Prayag Misra regrets signing a Honda lease for a 2017 Civic, and I feel for him. After all, he’d responded to an ad for a $1,999 downpayment and a $169 monthly lease payment, but ended up paying a lot more.

Misra’s story is a cautionary tale about the chasm between the advertised price and the actual price. A review of his case suggests he signed a different lease and is now stuck with $3,000 down and monthly payments of $245. Not only that, but Misra is limited to 36,000 miles over the three-year lease term, a common irritant for car lease customers.

“AutoNation Honda takes senior citizen for a ride”

Misra is upset because he saw an ad for Chandler, Ariz.-based AutoNation Honda in his newspaper, the Arizona Republic, that didn’t live up to its promises. It offered a new Civic “starting at” $1,999 and monthly lease payments of $169. He just needed to make the purchase between Sept. 6, 2017, and Oct. 31, 2017 (“hurry, supplies are limited”).

And hurry he did.

“I am a retired senior citizen,” he says. “I ended up signing a 36-month lease at a higher price plus down payment.”

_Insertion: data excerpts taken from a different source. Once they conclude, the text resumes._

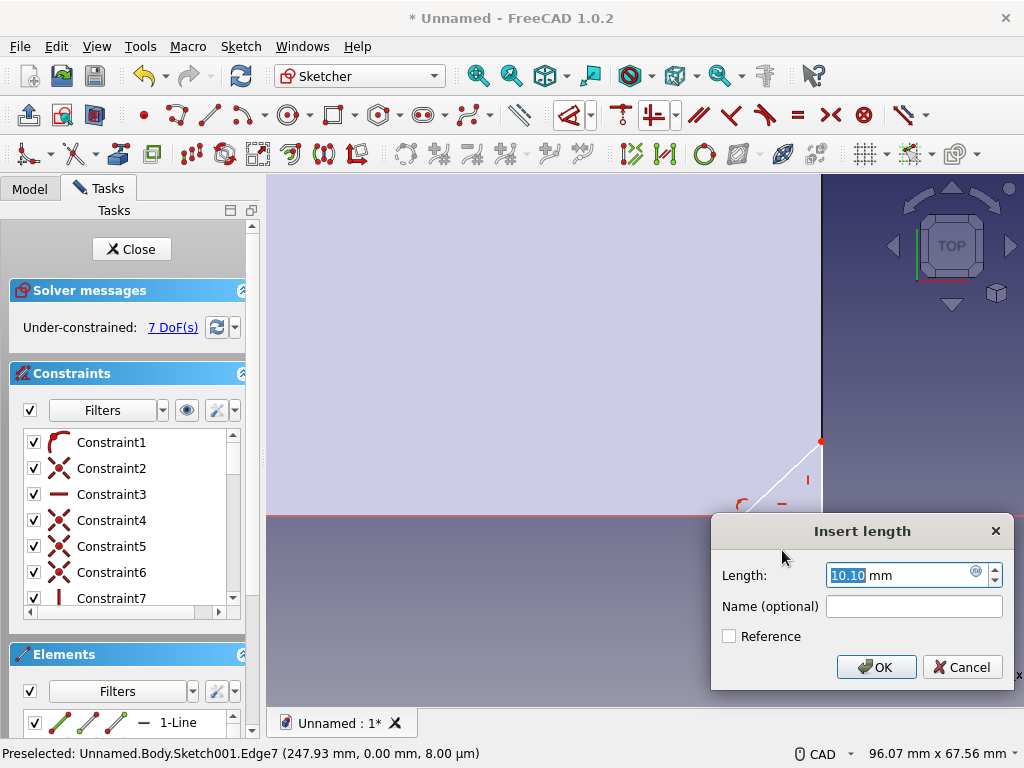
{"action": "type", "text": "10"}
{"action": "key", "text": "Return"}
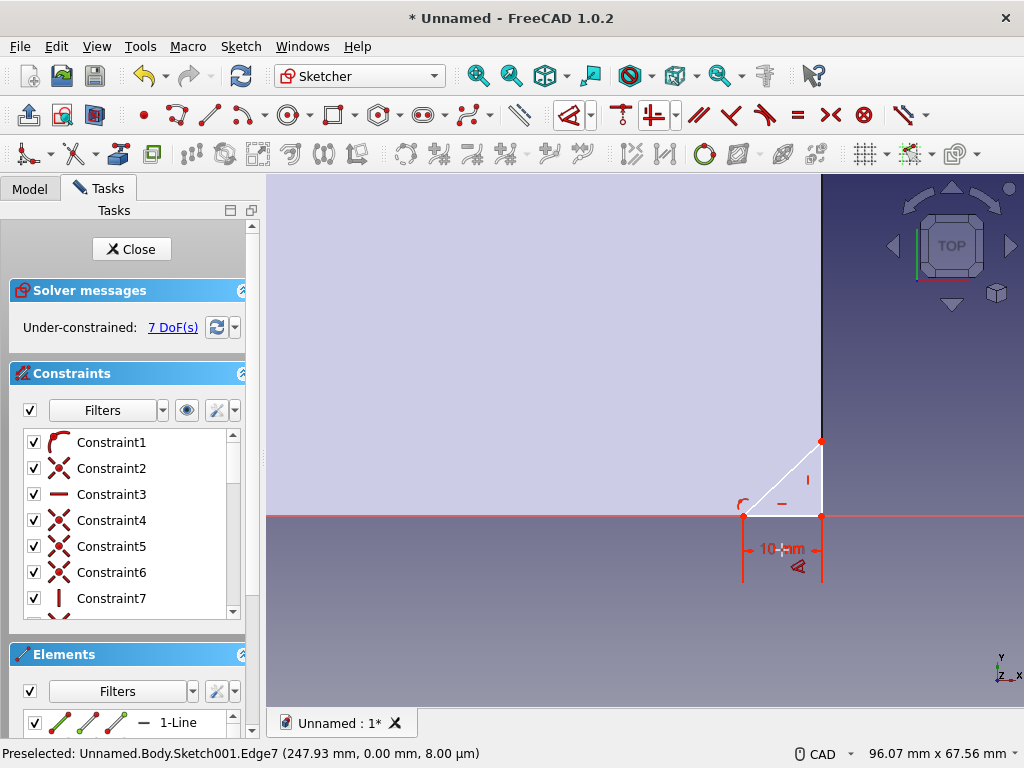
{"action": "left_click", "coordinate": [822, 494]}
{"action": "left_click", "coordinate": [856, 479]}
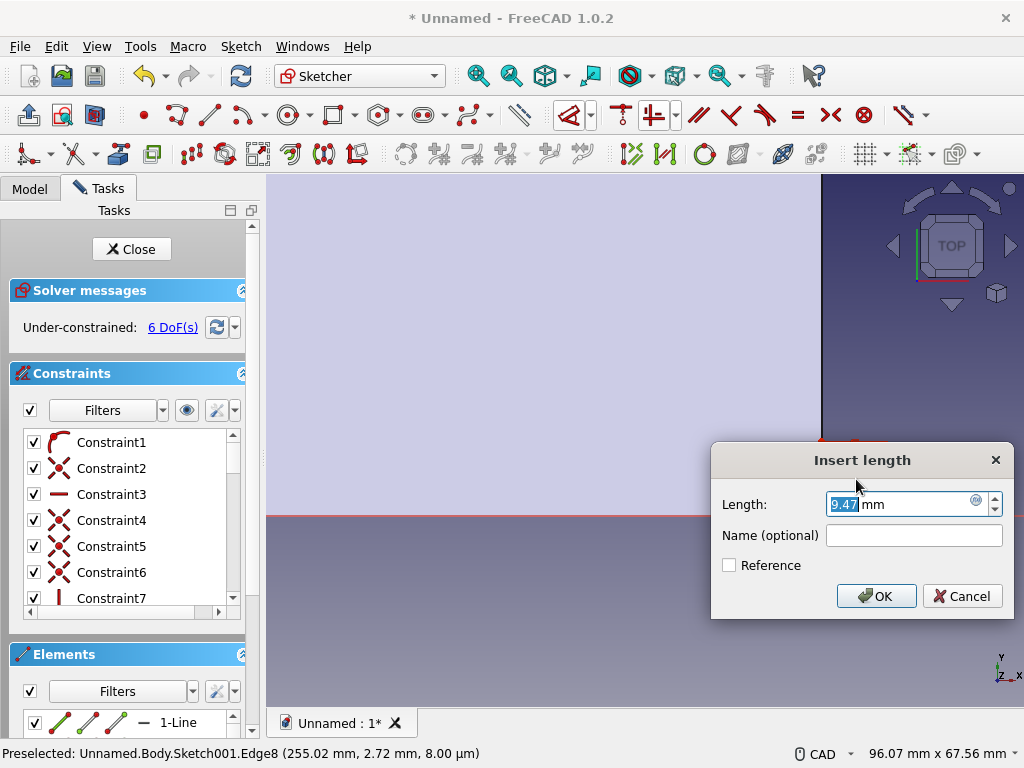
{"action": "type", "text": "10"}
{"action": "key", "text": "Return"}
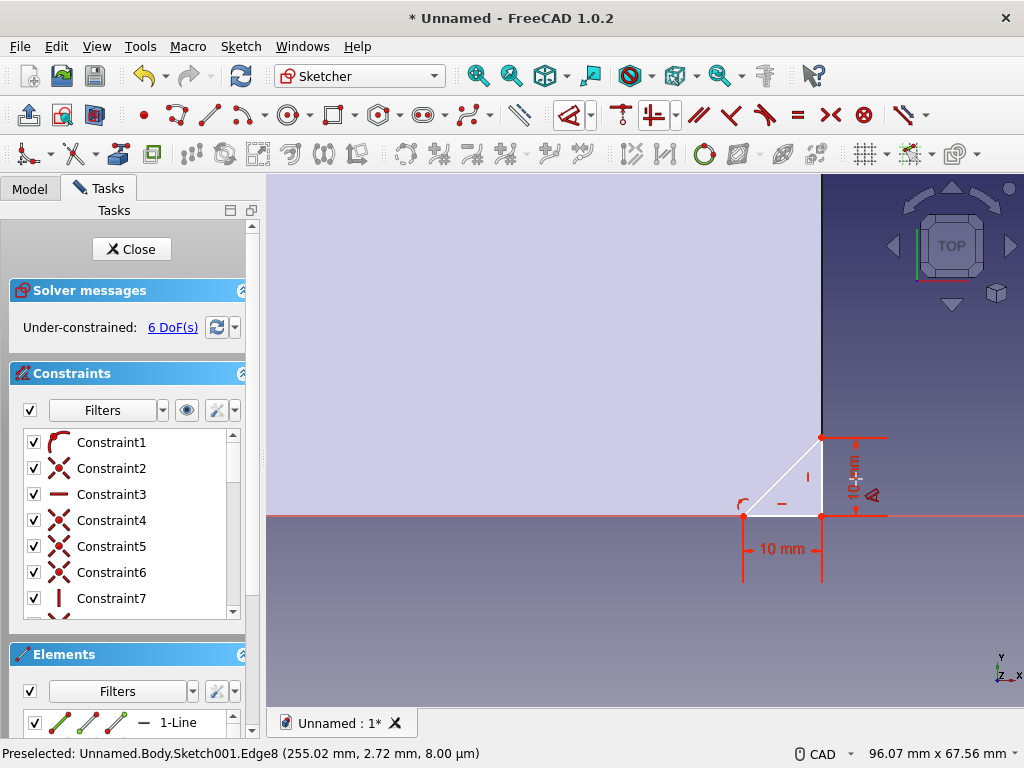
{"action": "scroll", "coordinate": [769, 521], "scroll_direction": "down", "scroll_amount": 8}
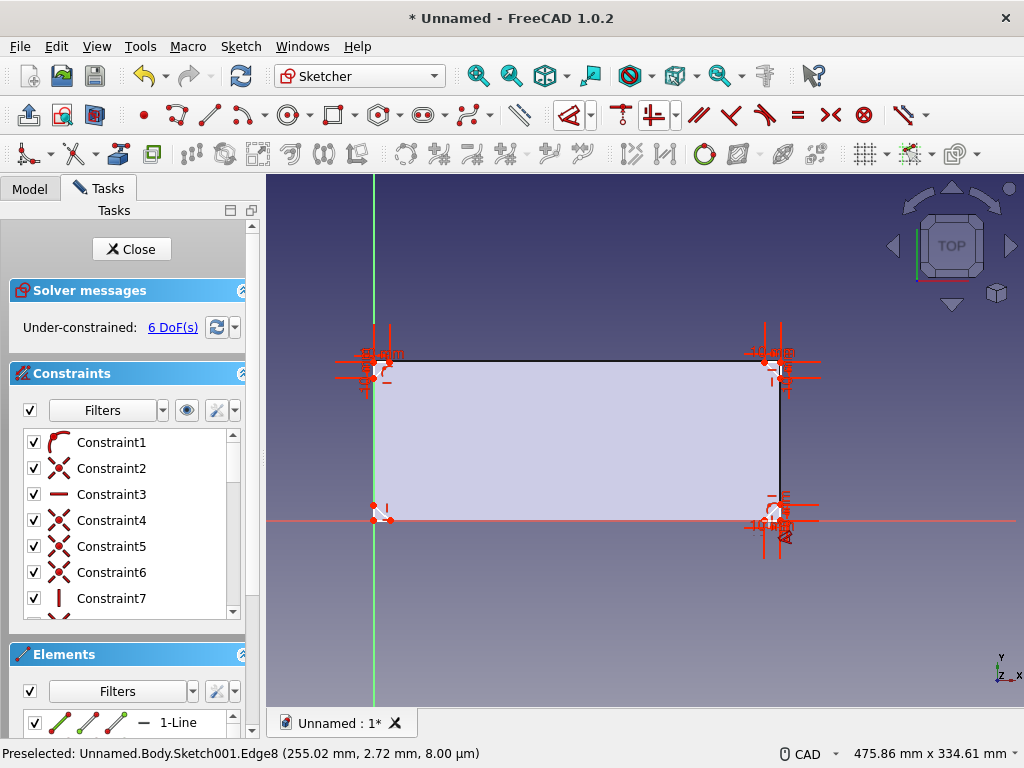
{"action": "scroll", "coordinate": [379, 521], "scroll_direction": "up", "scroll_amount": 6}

Let’s stay here for a minute. My dad is also a senior citizen, and we know better than to let him go shopping alone. But when he makes a bad decision, like remodeling the kitchen instead of paying off the house, he owns it.

Did AutoNation try to rip off Misra, taking advantage of a senior citizen? That’s certainly what he’s suggesting. And by the way, I’m not the only one he’s tried to recruit. He copied the Federal Trade Commission, the Arizona Attorney General, the Better Business Bureau (good luck with that one!), Facebook (riiiiight), and the Arizona Republic on his email.

You know, the Arizona Republic might help him — if only they ran my syndicated column.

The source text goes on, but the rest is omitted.